Good description! It's too bad other NHTSA complaints aren't as well written.


----------



## Ger8mm (Mar 13, 2014)

I hope I don't come across this problem in mine.


----------



## vwgtiglx (Jun 13, 2013)

Ger8mm said:


> I hope I don't come across this problem in mine.


I have to agree with the above quote here, "Knock-on wood," although my ears are still ringing from that previous NHTSA quote.
Gary_G you're not a lawyer by any chance are you? I just had to ask.

Your Quote, "I haven't brought the car to my dealer yet because I know he is going to just say everything is fine." - Gary_G

Have you taken your car to the dealership to document this problem with them yet? I think it would be smart to at least have this noted in your car's history by the dealer in case there would be a future recall for this problem regardless if they fix it now or later.


----------



## Gary_G (Jun 14, 2013)

No, I'm not a lawyer... and I have brought my car to the dealer I bought the car from to have them check the GM database for the problem... and also to go on record for the problem. All they would say is that there are no steering issues found for my Chevy Cruze VIN number. They told me to bring the car in to see if they can duplicate the problem on a test drive... now here is the strange part... the steering issue has stopped for the past 3 days before my dealer appointment. I don't know if this is temperature related or a computer module/ software issue but it appears not to be the steering rack. It is crazy because when I had the problem it was more than just annoying it was a safety issue while lane changing. I told the dealer I will make another appointment when it happens again. Maybe Chevy should have named the car Christine instead of Cruze... Stephen King would love this car!


----------



## Gary_G (Jun 14, 2013)

Just been contacted by Chevy Customer Care regarding my complaint with NHTSA...

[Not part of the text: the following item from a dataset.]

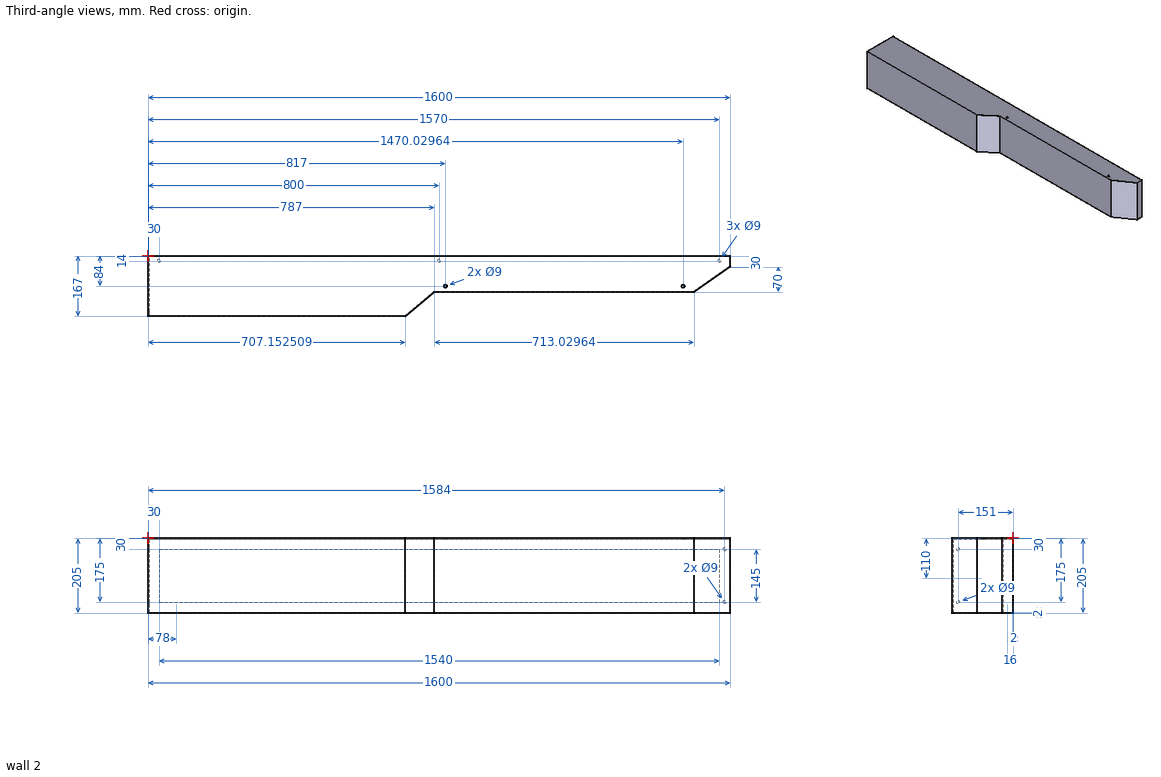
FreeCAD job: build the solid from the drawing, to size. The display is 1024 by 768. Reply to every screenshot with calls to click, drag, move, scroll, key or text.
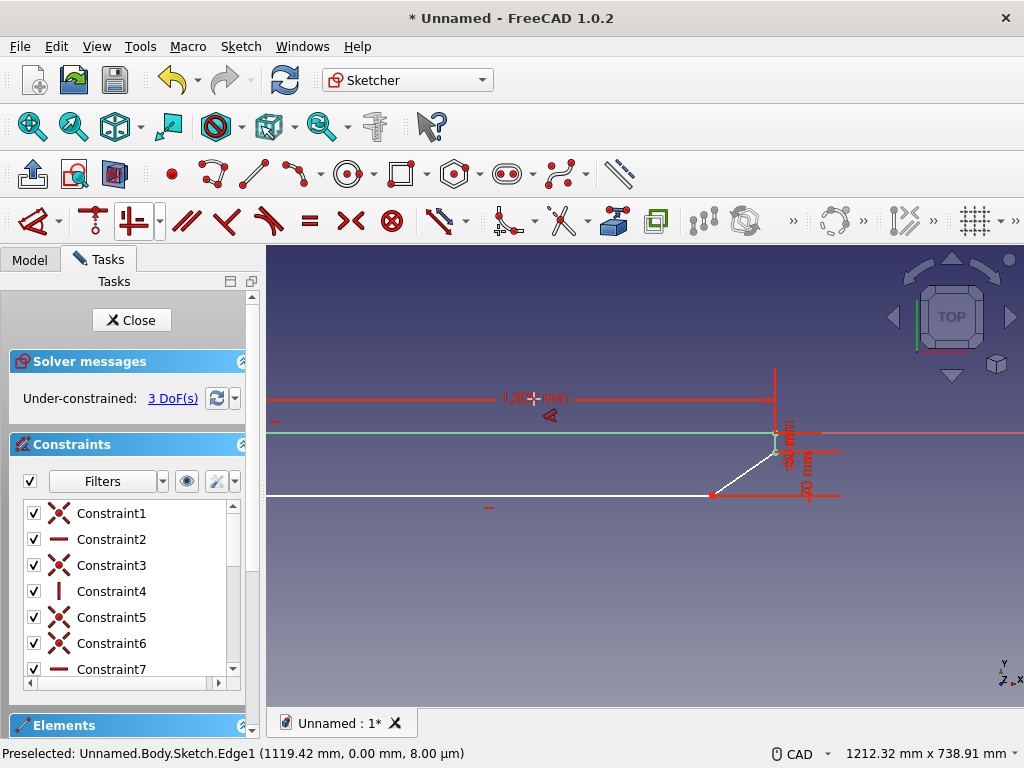
scroll(752, 470, down, 5)

"I again apologize to hear of this concern and I also apologize for any frustrations this may have caused. Thank you for providing this information. I will be sure to document this message within our system and make sure it reaches the correct group within our corporation. Please let us know if we can be of any other assistance. 

Kristen A.
Chevrolet Customer Care"


----------



## Gary_G (Jun 14, 2013)

It has been 2 weeks since the steering issue spontaneously ceased to exist... I hope it stays that way! I have to wonder if the issue was temperature related... it has been relatively warm the past couple of weeks. Anyone out there find that the steering problem goes away with warming temps?


----------



## jblackburn (Apr 14, 2012)

Gary_G said:


> It has been 2 weeks since the steering issue spontaneously ceased to exist... I hope it stays that way! I have to wonder if the issue was temperature related... it has been relatively warm the past couple of weeks. Anyone out there find that the steering problem goes away with warming temps?

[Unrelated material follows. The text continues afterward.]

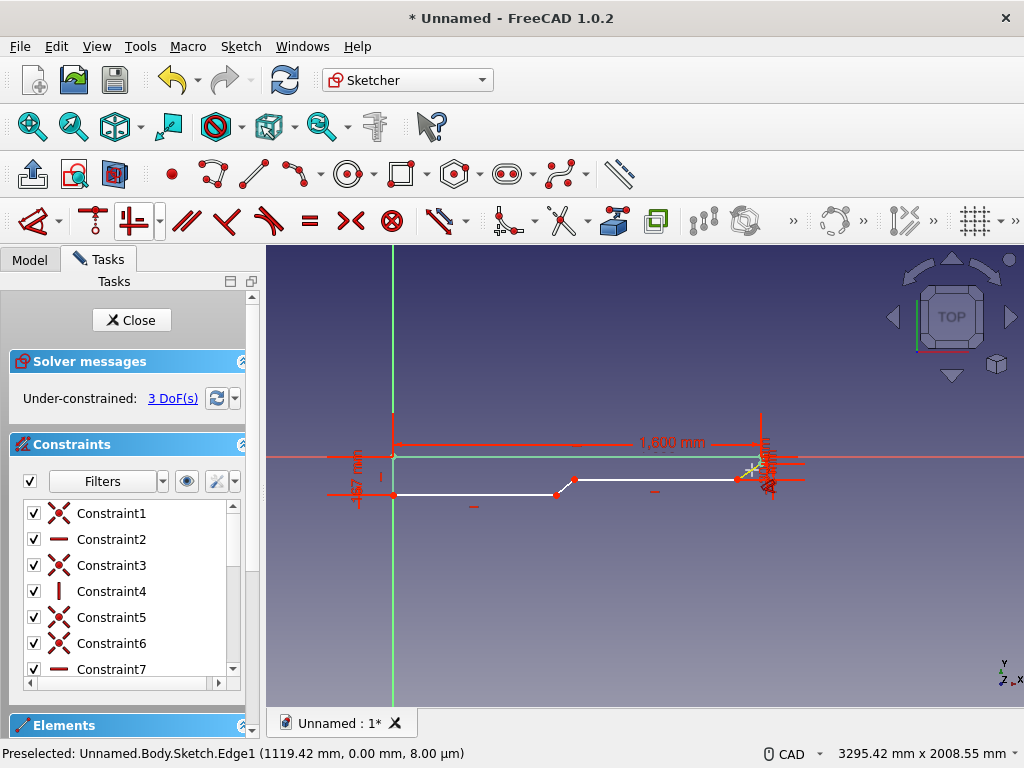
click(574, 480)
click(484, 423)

Mine did it in the transition from winter to spring when it was 45-50F, and then abruptly stopped.


----------



## Gary_G (Jun 14, 2013)

Thanks for the reply... sounds like just what happened with my Cruze. I am hoping it doesn't return in the winter because I believe the steering problem is a safety concern when traveling on icy or snow covered roads.


----------



## jopair (Jul 21, 2014)

I just had my 2014 Cruze LTZ RS fixed for the sticking steering problem. Ask them about reprogramming the electroning steering module. Bulletin Document ID#4036174


----------



## jopair (Jul 21, 2014)

I just had my 2014 Cruze LTZ RS fixed for the sticking steering problem. Ask them about reprogramming the electroning steering module. Bulletin Document ID#4036174...


----------



## jopair (Jul 21, 2014)

I just had my 2014 Cruze LTZ RS fixed for the sticking steering problem. Ask them about reprogramming the electronic steering module. Bulletin Document ID#4036174


----------



## jalaner (Dec 28, 2013)

The Porsche Boxster and pre 2009 Corollas have the vastly superior but more expensive to install hydraulic steering. Electric steering sucks.


----------



## jblackburn (Apr 14, 2012)

jalaner said:


> The Porsche Boxster and pre 2009 Corollas have the vastly superior but more expensive to install hydraulic steering. Electric steering sucks.


The 2007 Corollas steering is completely lifeless and feels like a rubber band. My 2003 Camry was the same way. I actually like the EPS on both of our cars now. If they get it right, they can get some road feel into it too.


----------